Two-sample test with Laplace distributions
Two-sample Wilcoxon test comparing Laplace distributions with different
central tendencies.
library(extraDistr)
parent1 <- function(n, d) extraDistr::rlaplace(n, mu=d, sigma=sqrt(1/2))
parent2 <- function(n, d) extraDistr::rlaplace(n, sigma=sqrt(1/2))
# properties of sampled distributions
psych::describe(parent1(n=100000, d=0.375))
## vars n mean sd median trimmed mad min max range skew kurtosis se
## X1 1 1e+05 0.38 1 0.38 0.38 0.73 -8.65 6.85 15.5 -0.04 2.83 0
psych::describe(parent1(n=100000, d=0))
## vars n mean sd median trimmed mad min max range skew kurtosis se
## X1 1 1e+05 0.01 1 0 0.01 0.73 -8.44 7.65 16.09 0.04 3.13 0
nr <- 134/67
p_wilcox.test(n=67, n2_n1=nr, d=0.375, parent1=parent1, parent2=parent2) |>
Spower()
##
## Execution time (H:M:S): 00:00:10
## Design conditions:
##
## # A tibble: 1 × 4
## n d sig.level power
## <dbl> <dbl> <dbl> <lgl>
## 1 67 0.375 0.05 NA
##
## Estimate of power: 0.843
## 95% Confidence Interval: [0.836, 0.850]

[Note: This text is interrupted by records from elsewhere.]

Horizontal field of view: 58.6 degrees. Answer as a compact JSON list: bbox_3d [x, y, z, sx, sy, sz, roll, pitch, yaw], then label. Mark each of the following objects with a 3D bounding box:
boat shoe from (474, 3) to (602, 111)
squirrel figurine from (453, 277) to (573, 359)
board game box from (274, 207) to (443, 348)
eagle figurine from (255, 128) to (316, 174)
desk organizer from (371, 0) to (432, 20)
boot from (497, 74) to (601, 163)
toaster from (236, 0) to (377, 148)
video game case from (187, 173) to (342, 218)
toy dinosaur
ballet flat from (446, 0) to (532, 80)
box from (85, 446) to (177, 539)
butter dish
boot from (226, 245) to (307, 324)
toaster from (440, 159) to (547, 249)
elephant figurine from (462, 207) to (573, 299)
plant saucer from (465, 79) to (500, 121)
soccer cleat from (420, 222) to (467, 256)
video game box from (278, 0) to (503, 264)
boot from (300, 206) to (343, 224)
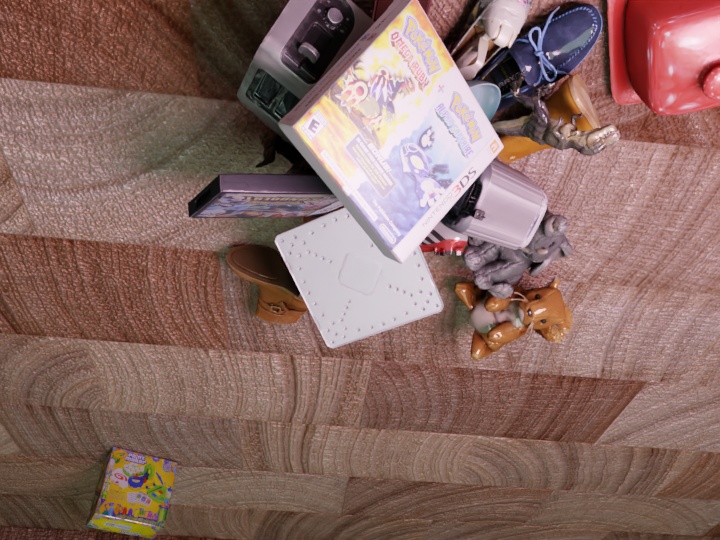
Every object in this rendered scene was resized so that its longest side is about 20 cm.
[{"bbox_3d":[0.217,-0.258,0.822,0.199,0.068,0.085,-39,82,36],"label":"boat shoe"},{"bbox_3d":[0.300,0.070,1.155,0.197,0.145,0.185,-1,167,-38],"label":"squirrel figurine"},{"bbox_3d":[0.000,0.000,0.957,0.196,0.026,0.203,-20,110,16],"label":"board game box"},{"bbox_3d":[-0.041,-0.164,0.925,0.196,0.153,0.153,22,117,-15],"label":"eagle figurine"},{"bbox_3d":[0.066,-0.317,0.752,0.077,0.071,0.202,39,144,20],"label":"desk organizer"},{"bbox_3d":[0.243,-0.191,0.863,0.141,0.072,0.200,-19,174,24],"label":"boot"},{"bbox_3d":[-0.041,-0.220,0.764,0.180,0.120,0.199,38,165,-15],"label":"toaster"},{"bbox_3d":[-0.110,-0.095,0.841,0.196,0.026,0.180,-4,177,-27],"label":"video game case"},{"bbox_3d":[0.214,-0.189,0.778,0.047,0.199,0.089,-38,126,-19],"label":"toy dinosaur"},{"bbox_3d":[0.154,-0.289,0.808,0.068,0.072,0.200,23,136,-22],"label":"ballet flat"},{"bbox_3d":[-0.660,0.647,1.861,0.197,0.196,0.122,23,137,-23],"label":"box"},{"bbox_3d":[0.412,-0.264,0.768,0.195,0.150,0.201,-12,139,16],"label":"butter dish"},{"bbox_3d":[-0.176,0.034,1.217,0.196,0.078,0.156,12,144,-24],"label":"boot"},{"bbox_3d":[0.182,-0.107,0.936,0.127,0.200,0.116,16,108,-23],"label":"toaster"},{"bbox_3d":[0.274,-0.046,1.031,0.141,0.157,0.198,36,133,-26],"label":"elephant figurine"},{"bbox_3d":[0.091,-0.170,0.815,0.198,0.028,0.201,-34,165,-10],"label":"plant saucer"},{"bbox_3d":[0.091,-0.069,1.083,0.196,0.088,0.068,2,177,35],"label":"soccer cleat"},{"bbox_3d":[0.041,-0.141,0.675,0.200,0.183,0.047,48,168,-31],"label":"video game box"},{"bbox_3d":[-0.007,-0.049,1.029,0.195,0.158,0.074,-10,148,15],"label":"boot"}]
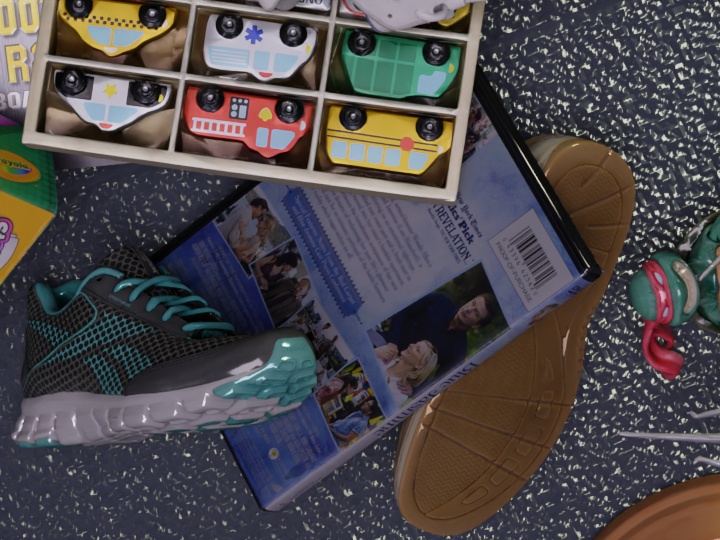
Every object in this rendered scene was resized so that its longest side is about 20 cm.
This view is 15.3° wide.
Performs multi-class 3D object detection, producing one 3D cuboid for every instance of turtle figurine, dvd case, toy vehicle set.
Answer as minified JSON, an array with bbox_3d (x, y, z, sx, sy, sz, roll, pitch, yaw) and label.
[{"bbox_3d":[0.201,0.002,1.245,0.199,0.101,0.150,-14,118,-11],"label":"turtle figurine"},{"bbox_3d":[0.000,0.000,1.252,0.200,0.018,0.143,-37,66,19],"label":"dvd case"},{"bbox_3d":[-0.046,-0.104,1.216,0.199,0.027,0.125,7,86,1],"label":"toy vehicle set"}]

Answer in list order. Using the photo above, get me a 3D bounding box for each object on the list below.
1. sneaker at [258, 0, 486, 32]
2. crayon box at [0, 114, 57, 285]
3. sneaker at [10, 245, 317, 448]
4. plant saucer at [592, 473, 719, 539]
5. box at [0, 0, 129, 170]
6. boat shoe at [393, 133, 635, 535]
[{"bbox_3d":[0.042,-0.146,1.170,0.199,0.074,0.088,6,98,18],"label":"sneaker"},{"bbox_3d":[-0.243,0.000,1.245,0.118,0.058,0.200,25,121,-30],"label":"crayon box"},{"bbox_3d":[-0.099,0.032,1.246,0.199,0.077,0.092,-9,84,45],"label":"sneaker"},{"bbox_3d":[0.190,0.200,1.314,0.199,0.037,0.201,1,100,4],"label":"plant saucer"},{"bbox_3d":[-0.148,-0.127,1.270,0.199,0.048,0.159,-4,100,4],"label":"box"},{"bbox_3d":[0.067,0.028,1.275,0.074,0.069,0.201,24,95,-24],"label":"boat shoe"}]
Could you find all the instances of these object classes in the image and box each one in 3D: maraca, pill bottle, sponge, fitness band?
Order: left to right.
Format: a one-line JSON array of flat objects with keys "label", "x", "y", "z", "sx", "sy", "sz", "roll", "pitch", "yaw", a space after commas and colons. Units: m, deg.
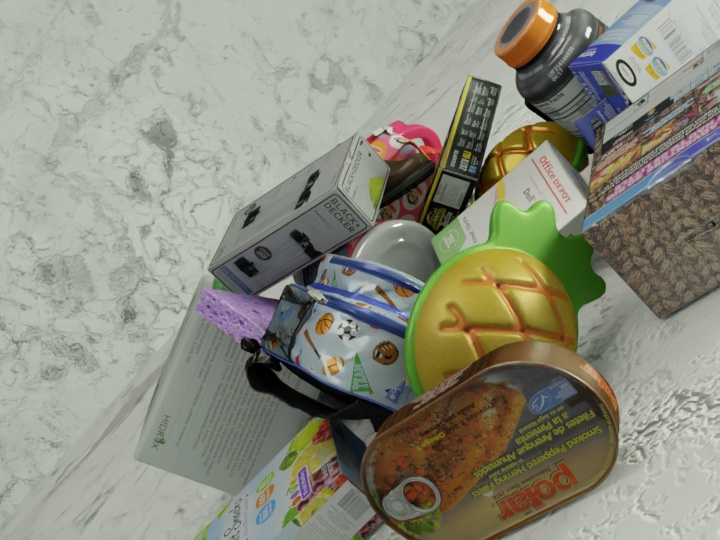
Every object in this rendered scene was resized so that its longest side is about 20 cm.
[{"label": "sponge", "x": -0.074, "y": 0.063, "z": 1.027, "sx": 0.111, "sy": 0.200, "sz": 0.030, "roll": 29, "pitch": 100, "yaw": 36}, {"label": "pill bottle", "x": 0.000, "y": 0.000, "z": 1.062, "sx": 0.120, "sy": 0.120, "sz": 0.200, "roll": -49, "pitch": 23, "yaw": -16}, {"label": "fitness band", "x": 0.037, "y": -0.125, "z": 1.324, "sx": 0.200, "sy": 0.144, "sz": 0.037, "roll": -35, "pitch": 45, "yaw": -25}, {"label": "maraca", "x": 0.115, "y": 0.037, "z": 0.737, "sx": 0.200, "sy": 0.137, "sz": 0.107, "roll": -55, "pitch": 11, "yaw": -19}, {"label": "maraca", "x": 0.176, "y": -0.082, "z": 1.050, "sx": 0.200, "sy": 0.107, "sz": 0.137, "roll": -51, "pitch": 22, "yaw": 5}, {"label": "pill bottle", "x": 0.233, "y": -0.194, "z": 0.960, "sx": 0.106, "sy": 0.200, "sz": 0.106, "roll": -49, "pitch": 20, "yaw": 25}]

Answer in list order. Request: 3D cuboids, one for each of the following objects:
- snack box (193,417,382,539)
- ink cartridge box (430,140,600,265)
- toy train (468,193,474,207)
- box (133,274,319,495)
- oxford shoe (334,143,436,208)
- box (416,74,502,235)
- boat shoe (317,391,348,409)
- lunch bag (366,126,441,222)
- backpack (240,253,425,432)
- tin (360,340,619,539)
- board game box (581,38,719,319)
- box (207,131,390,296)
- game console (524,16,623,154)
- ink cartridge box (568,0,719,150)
[{"label": "snack box", "x": -0.075, "y": 0.246, "z": 0.897, "sx": 0.200, "sy": 0.068, "sz": 0.169, "roll": -47, "pitch": 13, "yaw": 3}, {"label": "ink cartridge box", "x": 0.175, "y": -0.045, "z": 0.925, "sx": 0.200, "sy": 0.067, "sz": 0.117, "roll": -41, "pitch": 38, "yaw": 18}, {"label": "toy train", "x": 0.140, "y": -0.047, "z": 1.192, "sx": 0.200, "sy": 0.056, "sz": 0.150, "roll": -40, "pitch": 22, "yaw": 18}, {"label": "box", "x": -0.152, "y": 0.137, "z": 1.140, "sx": 0.199, "sy": 0.171, "sz": 0.201, "roll": -126, "pitch": 59, "yaw": -78}, {"label": "oxford shoe", "x": 0.000, "y": -0.110, "z": 1.099, "sx": 0.200, "sy": 0.085, "sz": 0.073, "roll": -13, "pitch": 18, "yaw": 41}, {"label": "box", "x": 0.110, "y": -0.112, "z": 1.117, "sx": 0.200, "sy": 0.049, "sz": 0.160, "roll": -70, "pitch": -3, "yaw": -45}, {"label": "boat shoe", "x": -0.004, "y": 0.093, "z": 1.157, "sx": 0.065, "sy": 0.074, "sz": 0.202, "roll": -31, "pitch": 28, "yaw": 54}, {"label": "lunch bag", "x": 0.055, "y": -0.094, "z": 1.269, "sx": 0.082, "sy": 0.200, "sz": 0.176, "roll": 30, "pitch": 80, "yaw": 39}, {"label": "backpack", "x": 0.021, "y": 0.076, "z": 0.864, "sx": 0.190, "sy": 0.200, "sz": 0.155, "roll": 30, "pitch": 99, "yaw": 62}, {"label": "tin", "x": 0.088, "y": 0.125, "z": 0.653, "sx": 0.200, "sy": 0.112, "sz": 0.042, "roll": -37, "pitch": 5, "yaw": 31}, {"label": "board game box", "x": 0.274, "y": -0.086, "z": 0.747, "sx": 0.159, "sy": 0.097, "sz": 0.200, "roll": -37, "pitch": 14, "yaw": 33}, {"label": "box", "x": -0.068, "y": -0.056, "z": 1.039, "sx": 0.200, "sy": 0.060, "sz": 0.117, "roll": -30, "pitch": 26, "yaw": 30}, {"label": "game console", "x": 0.308, "y": -0.239, "z": 1.073, "sx": 0.200, "sy": 0.116, "sz": 0.176, "roll": -36, "pitch": 11, "yaw": 34}, {"label": "ink cartridge box", "x": 0.294, "y": -0.186, "z": 0.881, "sx": 0.200, "sy": 0.137, "sz": 0.076, "roll": -43, "pitch": 16, "yaw": -3}]
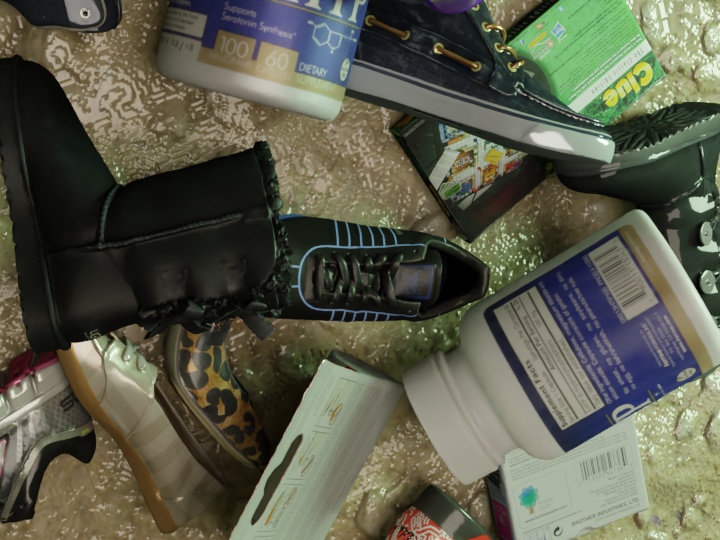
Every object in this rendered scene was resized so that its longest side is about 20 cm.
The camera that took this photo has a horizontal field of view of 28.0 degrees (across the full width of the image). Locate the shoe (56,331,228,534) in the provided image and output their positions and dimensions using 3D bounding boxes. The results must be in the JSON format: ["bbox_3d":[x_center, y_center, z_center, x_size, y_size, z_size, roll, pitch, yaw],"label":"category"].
[{"bbox_3d":[-0.146,0.084,0.949,0.053,0.070,0.201,-21,119,2],"label":"shoe"}]

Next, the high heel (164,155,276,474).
[{"bbox_3d":[-0.074,0.028,0.969,0.142,0.071,0.201,-36,108,-11],"label":"high heel"}]

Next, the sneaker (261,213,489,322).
[{"bbox_3d":[0.000,0.000,0.959,0.199,0.078,0.071,-4,99,-43],"label":"sneaker"}]

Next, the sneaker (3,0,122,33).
[{"bbox_3d":[-0.142,-0.225,0.855,0.201,0.077,0.147,-18,104,10],"label":"sneaker"}]

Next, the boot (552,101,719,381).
[{"bbox_3d":[0.217,-0.009,1.076,0.164,0.066,0.201,-18,113,-31],"label":"boot"}]

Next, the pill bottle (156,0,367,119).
[{"bbox_3d":[-0.047,-0.204,0.894,0.119,0.120,0.201,12,97,-25],"label":"pill bottle"}]

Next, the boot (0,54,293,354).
[{"bbox_3d":[-0.130,-0.047,0.877,0.161,0.073,0.200,-11,76,-4],"label":"boot"}]

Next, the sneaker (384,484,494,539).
[{"bbox_3d":[0.084,0.262,1.092,0.108,0.067,0.201,-47,111,-6],"label":"sneaker"}]

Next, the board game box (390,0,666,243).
[{"bbox_3d":[0.124,-0.122,1.047,0.200,0.023,0.105,-40,113,-11],"label":"board game box"}]

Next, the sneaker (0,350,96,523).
[{"bbox_3d":[-0.250,0.137,0.914,0.200,0.074,0.088,-37,107,-17],"label":"sneaker"}]

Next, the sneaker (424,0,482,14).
[{"bbox_3d":[0.078,-0.215,0.931,0.069,0.201,0.100,-13,134,19],"label":"sneaker"}]

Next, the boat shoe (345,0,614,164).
[{"bbox_3d":[0.084,-0.137,0.969,0.199,0.071,0.091,18,91,1],"label":"boat shoe"}]

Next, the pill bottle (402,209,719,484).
[{"bbox_3d":[0.135,0.058,0.986,0.199,0.120,0.120,-31,113,8],"label":"pill bottle"}]

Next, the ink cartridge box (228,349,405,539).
[{"bbox_3d":[-0.048,0.129,0.947,0.163,0.050,0.200,-62,160,-1],"label":"ink cartridge box"}]

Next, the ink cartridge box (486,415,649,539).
[{"bbox_3d":[0.146,0.105,1.095,0.119,0.042,0.201,-17,107,-19],"label":"ink cartridge box"}]

Unlike before with the Laplace distribution, G*power 3.1 seems to agree
with Spower, where a power of .847 is reported. This seems to raise questions about the consistency of the results.
Example 23.3: Paired-samples test with Laplace distributions
Finally, paired-samples approach using Wilcoxon test with \(N=10\).
parent1 <- function(n, d) extraDistr::rlaplace(n, mu=d, sigma=sqrt(1/2))
parent2 <- function(n, d) extraDistr::rlaplace(n, sigma=sqrt(1/2))
psych::describe(parent1(n=100000, d=1.13842))
## vars n mean sd median trimmed mad min max range skew kurtosis se
## X1 1 1e+05 1.14 1 1.14 1.14 0.72 -6.68 9.92 16.6 0.02 3.02 0
psych::describe(parent1(n=100000, d=0))
## vars n mean sd median trimmed mad min max range skew kurtosis se
## X1 1 1e+05 0 1 0 0 0.73 -8.64 6.81 15.45 -0.04 3 0
p_wilcox.test(n=10*2, d=1.13842, type = 'paired',
parent1=parent1, parent2=parent2) |> Spower()
##
## Execution time (H:M:S): 00:00:04
## Design conditions:
##
## # A tibble: 1 × 5
## n d type sig.level power
## <dbl> <dbl> <chr> <dbl> <lgl>
## 1 20 1.1384 paired 0.05 NA
##
## Estimate of power: 0.932
## 95% Confidence Interval: [0.927, 0.937]
Again, the simulation approach and G*power 3.1 differ in their outputs,
where in G*power 3.1 the reported power is 0.853.